⟨
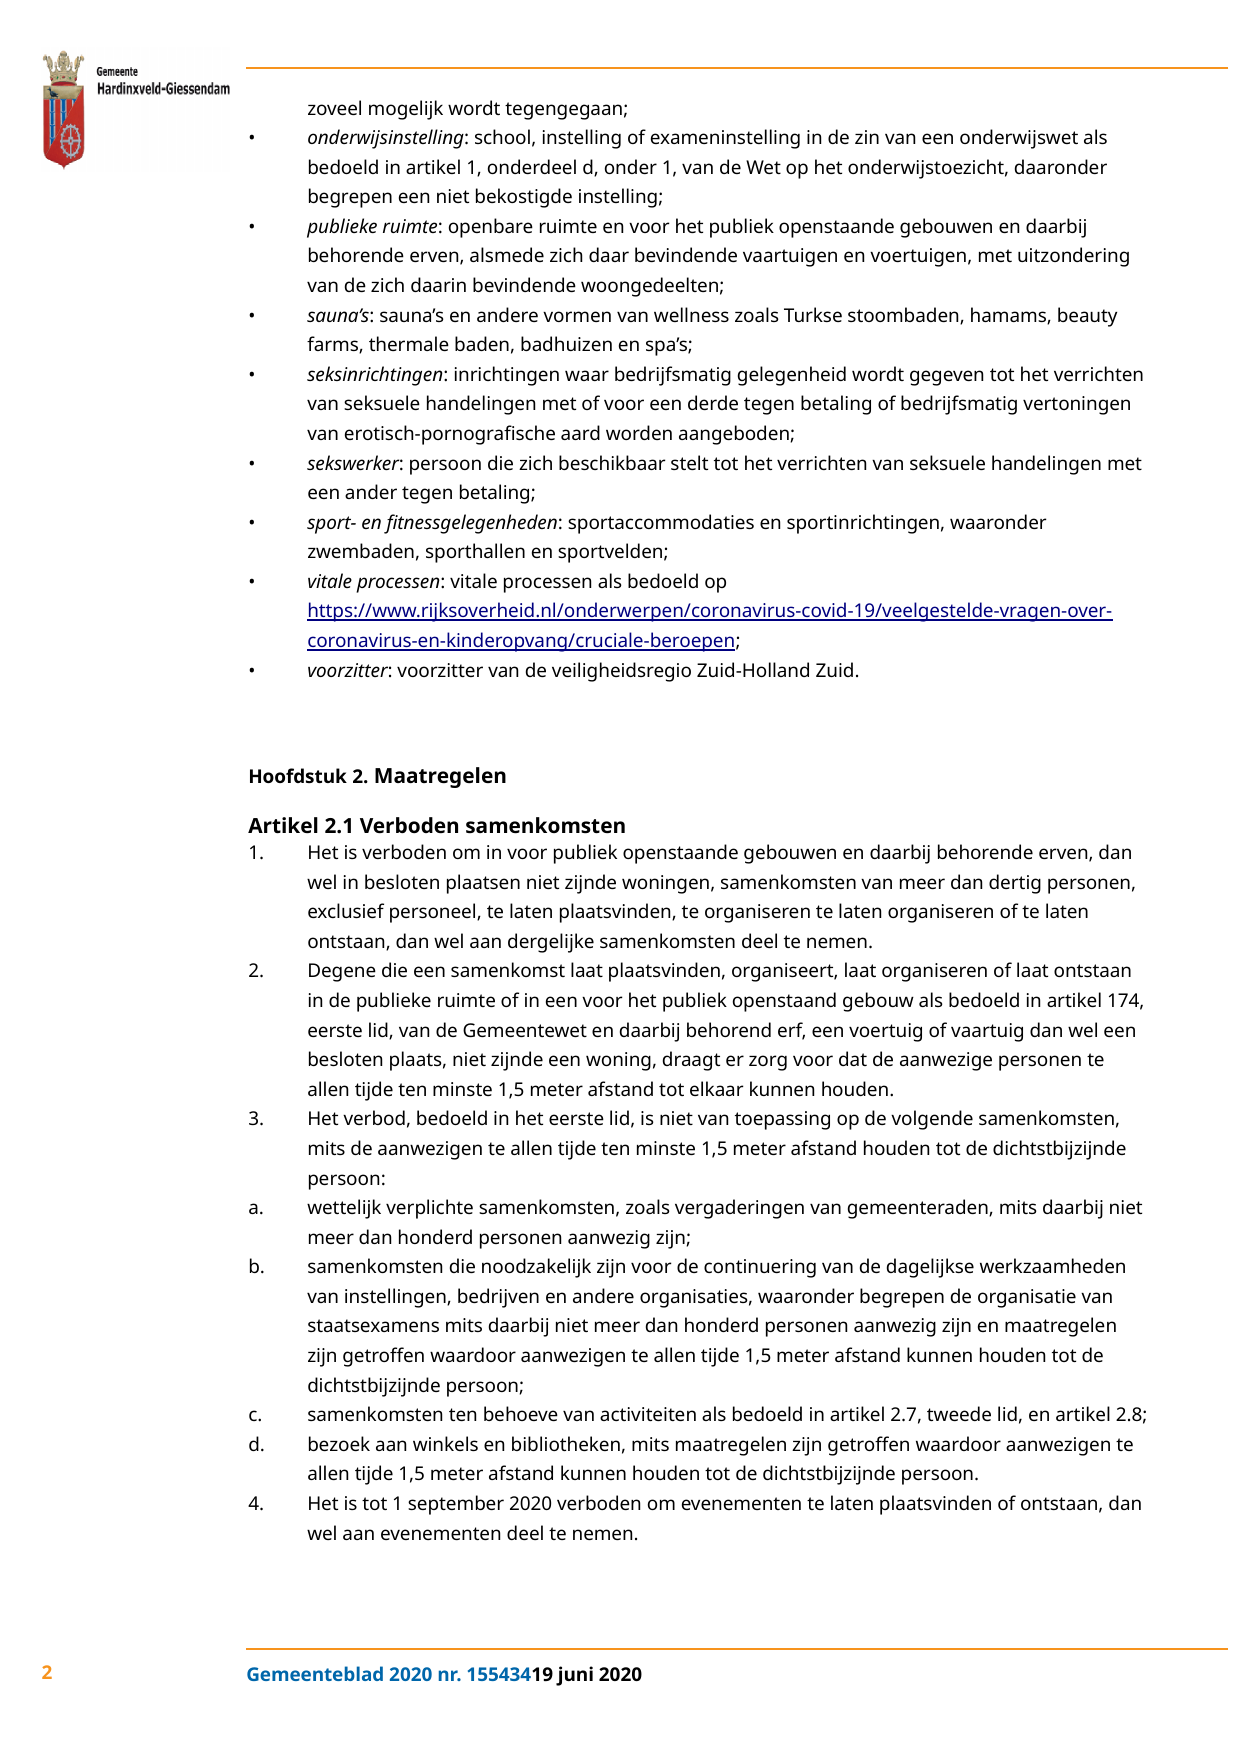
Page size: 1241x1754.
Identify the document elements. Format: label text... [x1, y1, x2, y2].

list Het is tot 1 september 2020 verboden om evenementen te laten plaatsvinden of ontstaan, dan wel aan evenementen deel te nemen. [248, 1490, 1152, 1546]
picture [41, 47, 231, 172]
list Degene die een samenkomst laat plaatsvinden, organiseert, laat organiseren of laat ontstaan in de publieke ruimte of in een voor het publiek openstaand gebouw als bedoeld in artikel 174, eerste lid, van de Gemeentewet en daarbij behorend erf, een voertuig of vaartuig dan wel een besloten plaats, niet zijnde een woning, draagt er zorg voor dat de aanwezige personen te allen tijde ten minste 1,5 meter afstand tot elkaar kunnen houden. [248, 958, 1152, 1102]
list seksinrichtingen: inrichtingen waar bedrijfsmatig gelegenheid wordt gegeven tot het verrichten van seksuele handelingen met of voor een derde tegen betaling of bedrijfsmatig vertoningen van erotisch-pornografische aard worden aangeboden; [248, 361, 1152, 446]
text Hoofdstuk 2. Maatregelen [248, 762, 1152, 790]
list sport- en fitnessgelegenheden: sportaccommodaties en sportinrichtingen, waaronder zwembaden, sporthallen en sportvelden; [248, 509, 1152, 564]
list bezoek aan winkels en bibliotheken, mits maatregelen zijn getroffen waardoor aanwezigen te allen tijde 1,5 meter afstand kunnen houden tot de dichtstbijzijnde persoon. [248, 1431, 1152, 1486]
list onderwijsinstelling: school, instelling of exameninstelling in de zin van een onderwijswet als bedoeld in artikel 1, onderdeel d, onder 1, van de Wet op het onderwijstoezicht, daaronder begrepen een niet bekostigde instelling; [248, 124, 1152, 209]
list samenkomsten die noodzakelijk zijn voor de continuering van de dagelijkse werkzaamheden van instellingen, bedrijven en andere organisaties, waaronder begrepen de organisatie van staatsexamens mits daarbij niet meer dan honderd personen aanwezig zijn en maatregelen zijn getroffen waardoor aanwezigen te allen tijde 1,5 meter afstand kunnen houden tot de dichtstbijzijnde persoon; [248, 1253, 1152, 1398]
text Artikel 2.1 Verboden samenkomsten [248, 811, 1152, 839]
list Het is verboden om in voor publiek openstaande gebouwen en daarbij behorende erven, dan wel in besloten plaatsen niet zijnde woningen, samenkomsten van meer dan dertig personen, exclusief personeel, te laten plaatsvinden, te organiseren te laten organiseren of te laten ontstaan, dan wel aan dergelijke samenkomsten deel te nemen. [248, 839, 1152, 954]
list sekswerker: persoon die zich beschikbaar stelt tot het verrichten van seksuele handelingen met een ander tegen betaling; [248, 450, 1152, 505]
list samenkomsten ten behoeve van activiteiten als bedoeld in artikel 2.7, tweede lid, en artikel 2.8; [248, 1401, 1152, 1427]
list wettelijk verplichte samenkomsten, zoals vergaderingen van gemeenteraden, mits daarbij niet meer dan honderd personen aanwezig zijn; [248, 1194, 1152, 1250]
list publieke ruimte: openbare ruimte en voor het publiek openstaande gebouwen en daarbij behorende erven, alsmede zich daar bevindende vaartuigen en voertuigen, met uitzondering van de zich daarin bevindende woongedeelten; [248, 213, 1152, 298]
list sauna’s: sauna’s en andere vormen van wellness zoals Turkse stoombaden, hamams, beauty farms, thermale baden, badhuizen en spa’s; [248, 302, 1152, 357]
list zoveel mogelijk wordt tegengegaan; [248, 95, 1152, 121]
list Het verbod, bedoeld in het eerste lid, is niet van toepassing op de volgende samenkomsten, mits de aanwezigen te allen tijde ten minste 1,5 meter afstand houden tot de dichtstbijzijnde persoon: [248, 1106, 1152, 1191]
list vitale processen: vitale processen als bedoeld op https://www.rijksoverheid.nl/onderwerpen/coronavirus-covid-19/veelgestelde-vragen-over-coronavirus-en-kinderopvang/cruciale-beroepen; [248, 568, 1152, 653]
list voorzitter: voorzitter van de veiligheidsregio Zuid-Holland Zuid. [248, 657, 1152, 683]
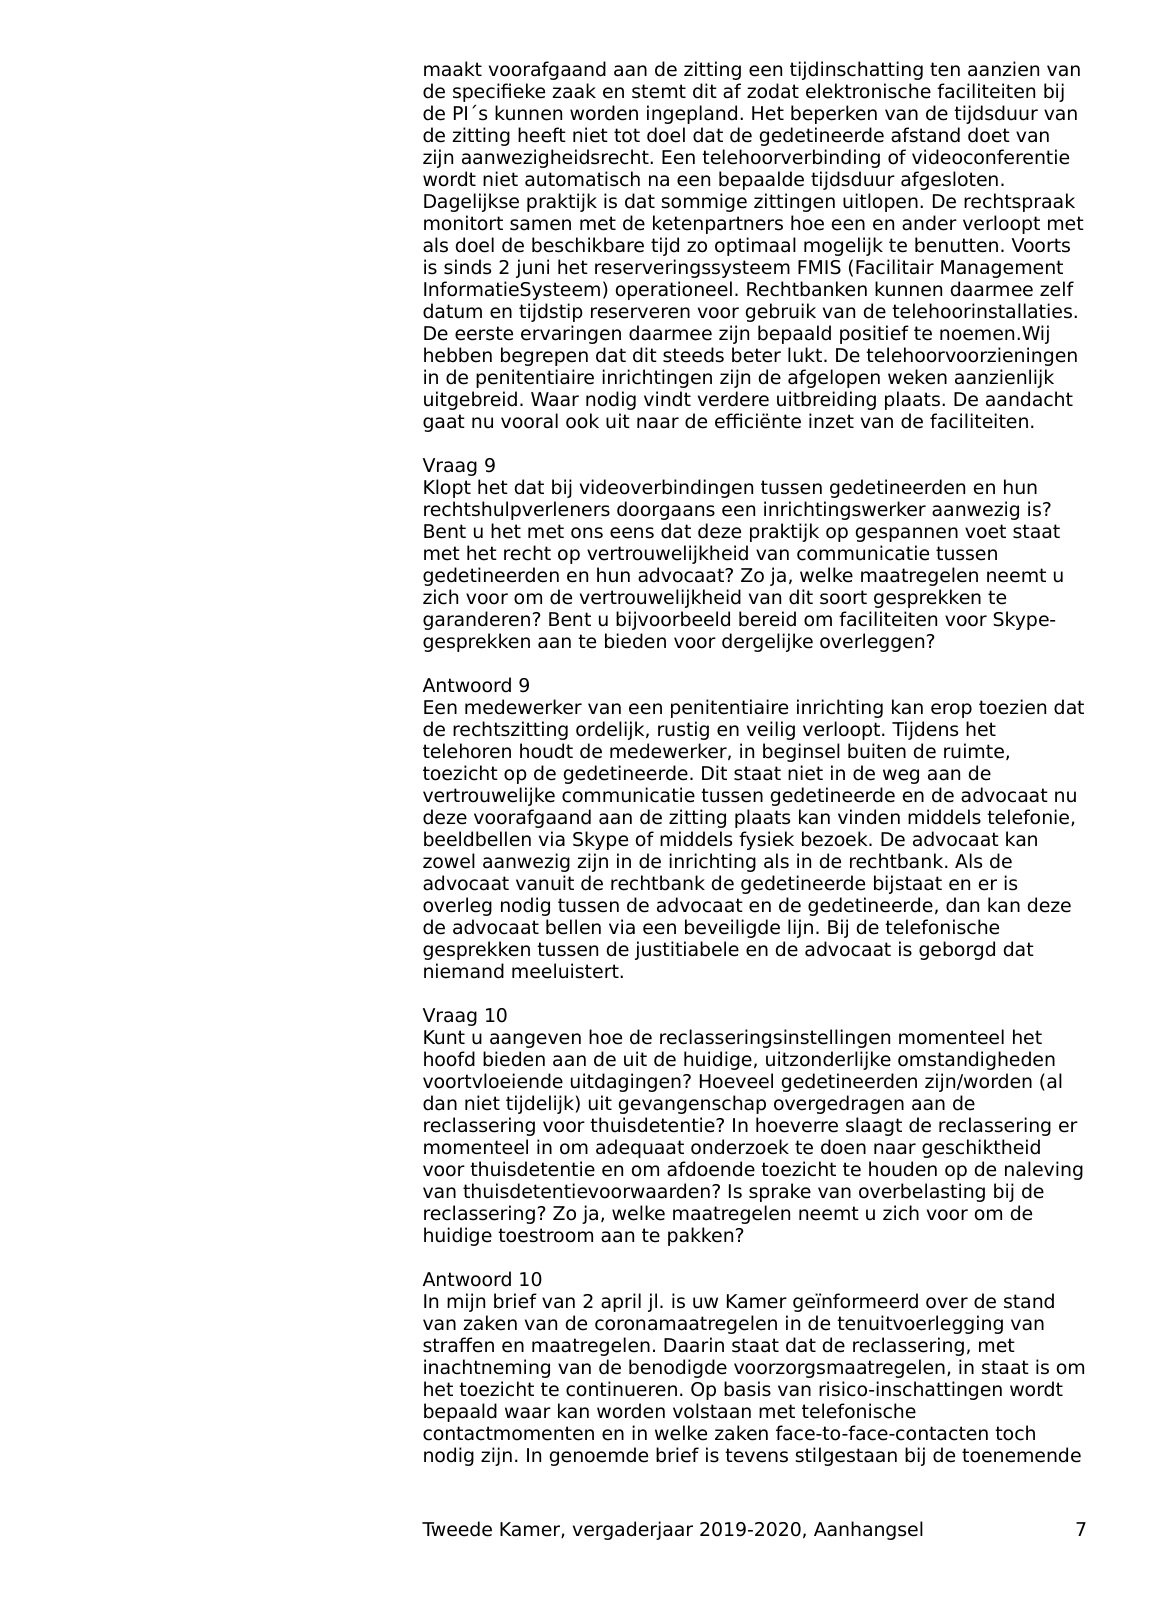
⟩
Before answering, count every line of the data that holds the word "gebouwen"; the reply is that number only.

2